While Clinton and Larson, both academic scholars, agree on most of the basic facts surrounding Tubman's life, they disagree on a few aspects. Clinton puts Tubman's birth somewhere between 1815 and 1825. Larson, who employs a much more historically rigorous approach, asserts that Tubman was most likely born in 1822.

Another significant area where the two authors differ concerns Tubman's adoption of the name Harriet. Born Araminta Ross, she eventually came to be known as Harriet, which was actually the birth name of her mother. Larson argues that Araminta became Harriet once she married in 1844 and that the name may have also reflected a spiritual conversion in her life. According to Clinton's account, Araminta was reborn as Harriet once she arrived in Philadelphia as a fugitive slave.

Larson's more-detailed account based on a meticulous investigation of court and Census records, genealogical data, abolitionist papers and archival records of those who knew Tubman firsthand, uncovers facets of Tubman's life that go unexplored by Clinton. But what Clinton lacks in historical detail she more than makes up for in pointed and illuminating prose, moving the reader through the most significant aspects of Tubman's life with the skill of a novelist.

Both authors dutifully retell the story of how Tubman came of age on Maryland's Eastern Shore, an area from which slaves frequently escaped, aided by the region's proximity to abolitionist Philadelphia and the presence of a sizeable free Black population that often assisted fugitive slaves. Both attempt to unearth the personal motivation behind Tubman's successful escape in 1849. They both contend that much of her outrage grew out of the horrors and cruelties of slavery she experienced as a child.

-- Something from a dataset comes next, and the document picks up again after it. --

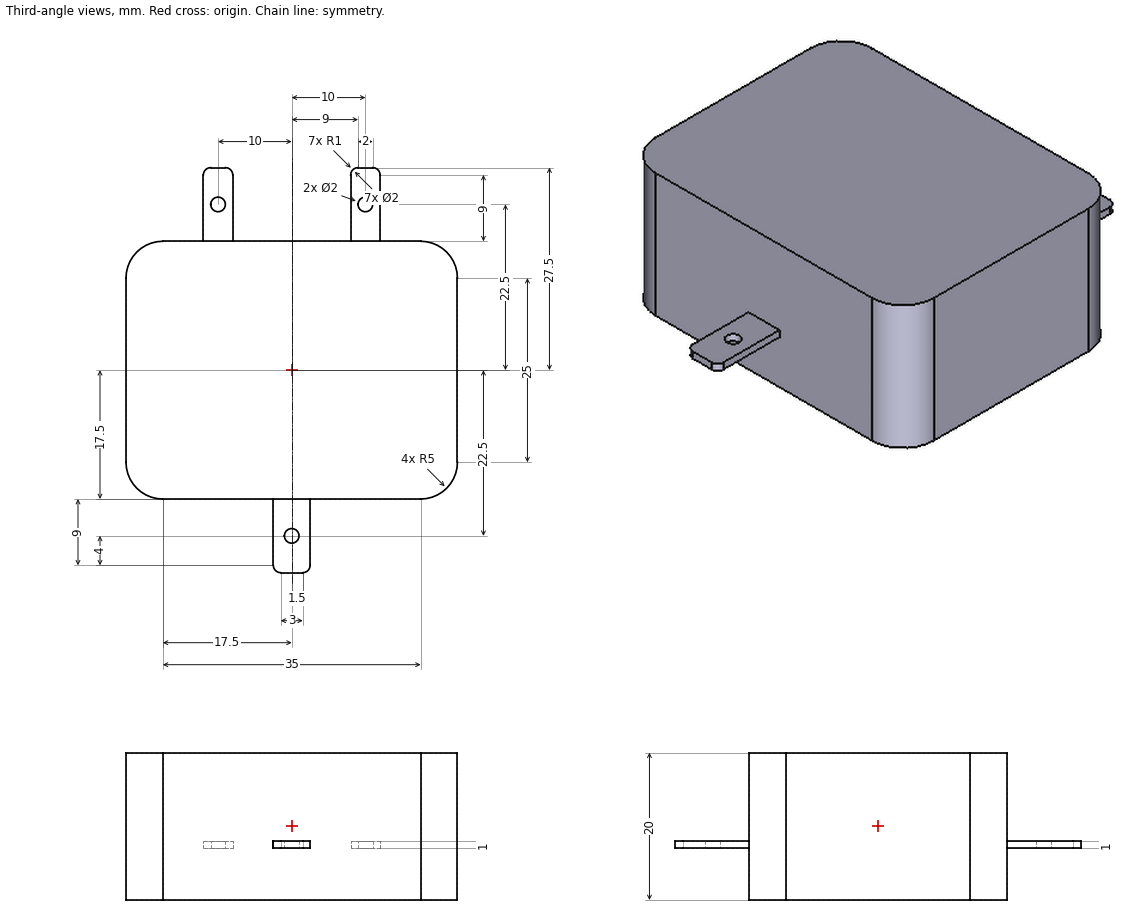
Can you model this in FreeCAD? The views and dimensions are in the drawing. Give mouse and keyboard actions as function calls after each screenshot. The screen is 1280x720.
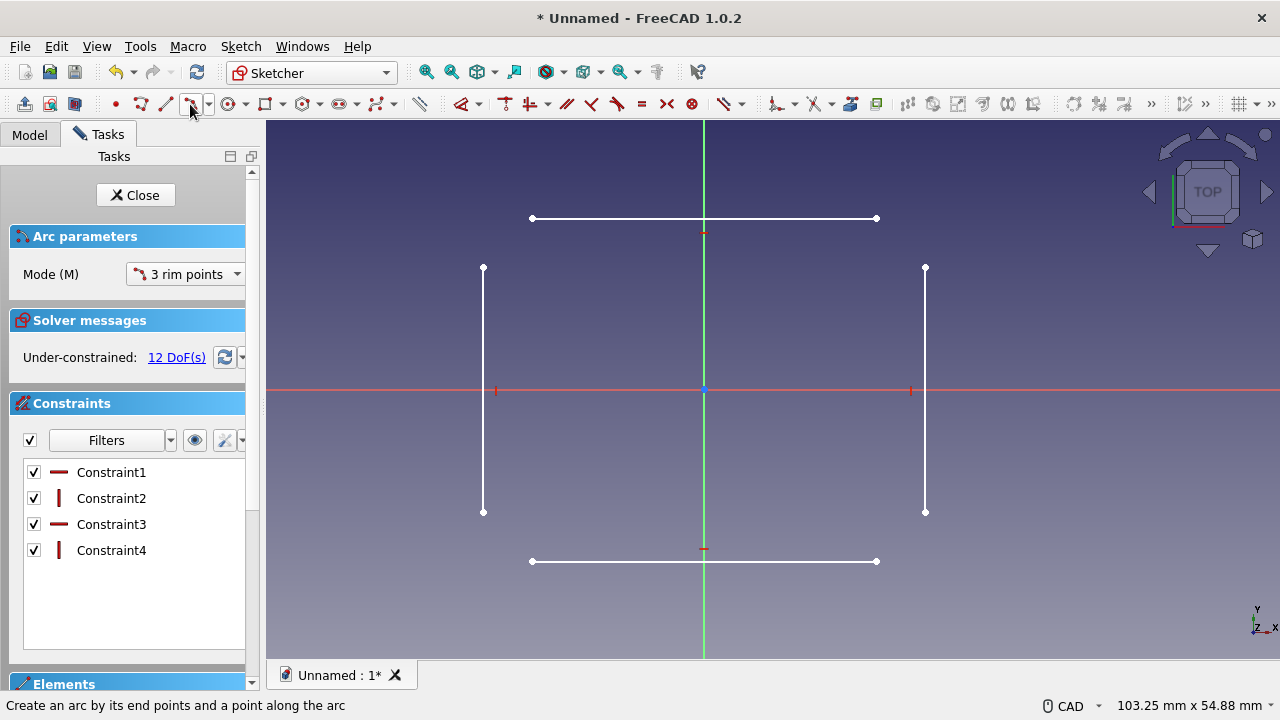
click(876, 562)
click(925, 513)
click(911, 547)

When she was about 10 years old, she suffered a blow to the head that not only changed her physically, but empowered her spiritually. An overseer threw an iron weight intended to hit another slave, but struck Tubman with sueh force that she would suffer from headaches, seizures and sleeping spells for the remainder of her life. The physical effects of this injury, which both historians identify as temporal lobe epilepsy (TLE), coincided with an awakening of the extraordinary spiritual gifts and supernatural perceptions that would prove to be major sources of Tubman's success in rescuing fugitive slaves. According to Larson, "epiphany-like" spiritual manifestations are a common side effect of TLE. These manifestations, along with her deep Christian faith, enabled Tubman to be directed by what Clinton calls her "protective intuition" in her rescue missions.

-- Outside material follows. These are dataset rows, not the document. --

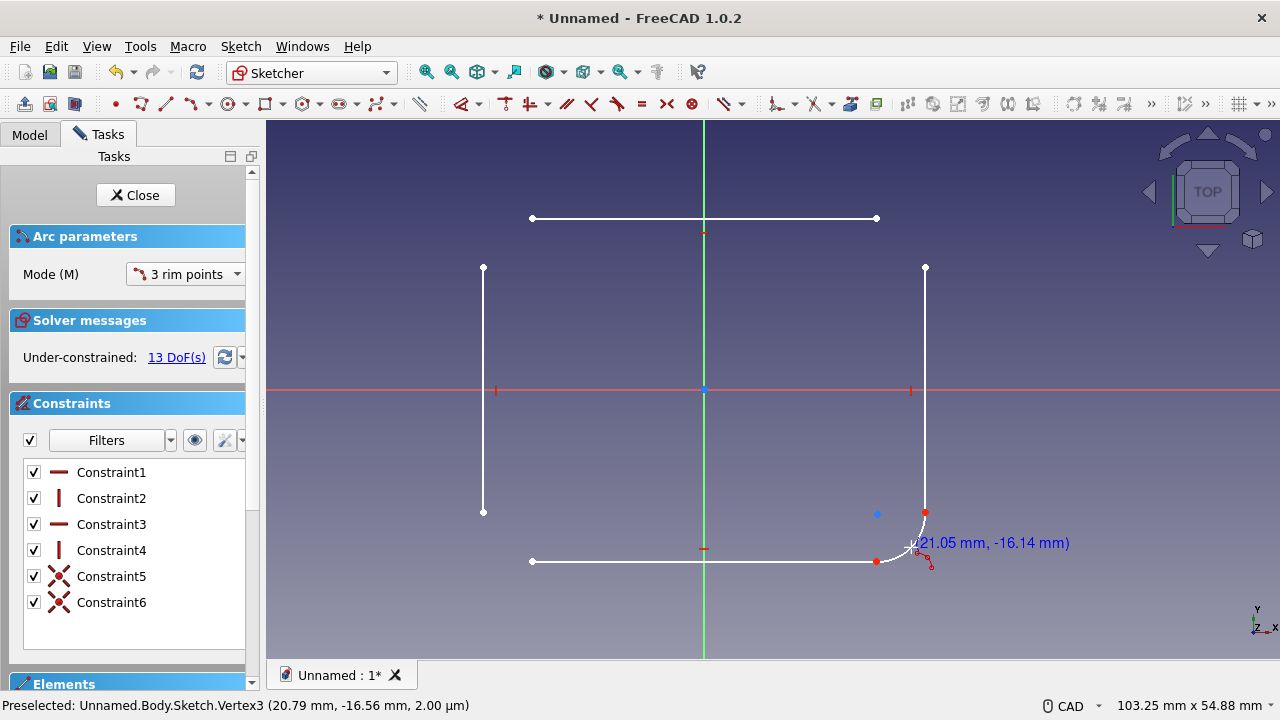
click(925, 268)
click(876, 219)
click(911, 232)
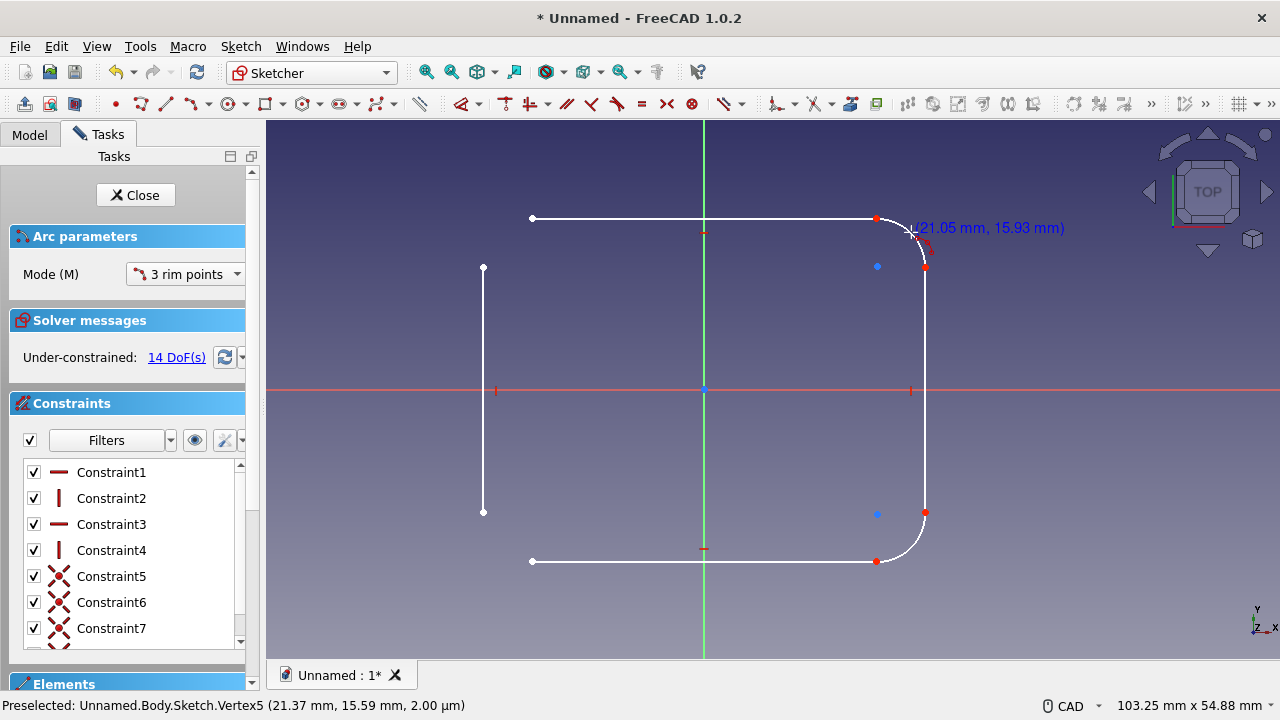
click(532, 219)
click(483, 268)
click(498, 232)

More motivating than the physical violence was the toll the "peculiar institution" took on African American families -Tubman's in particular. By the time she reached her early twenties, Tubman's father had been separated from her family and her sisters and nieces had been sold away. It was the sale of additional family members, and rumors that her sale was imminent, that caused Tubman to run away with two of her brothers in 1849. What is perhaps most interesting about this attempt is that Harriet ran away against the wishes of her then-husband of five years, John Tubman, a free Black man.

While Clinton does not provide any historical evidence as to how John Tubman became free, Larson suggests that he was a "dark-skinned mulatto" born to free parents. Little is known about their courtship or marriage, but Larson suggests that John Tubman must have cared deeply enough for Harriet to be willing to deal with all of the legal and extralegal challenges they faced as a result of her enslavement. Despite this connection, Harriet decided to flee with her brothers. On their way to freedom, her siblings got fearful and pleaded with her to return to the plantation with them alter only two-and-a-half weeks. Tubman reluctantly obliged, but set off on her own solo journey to freedom shortly thereafter.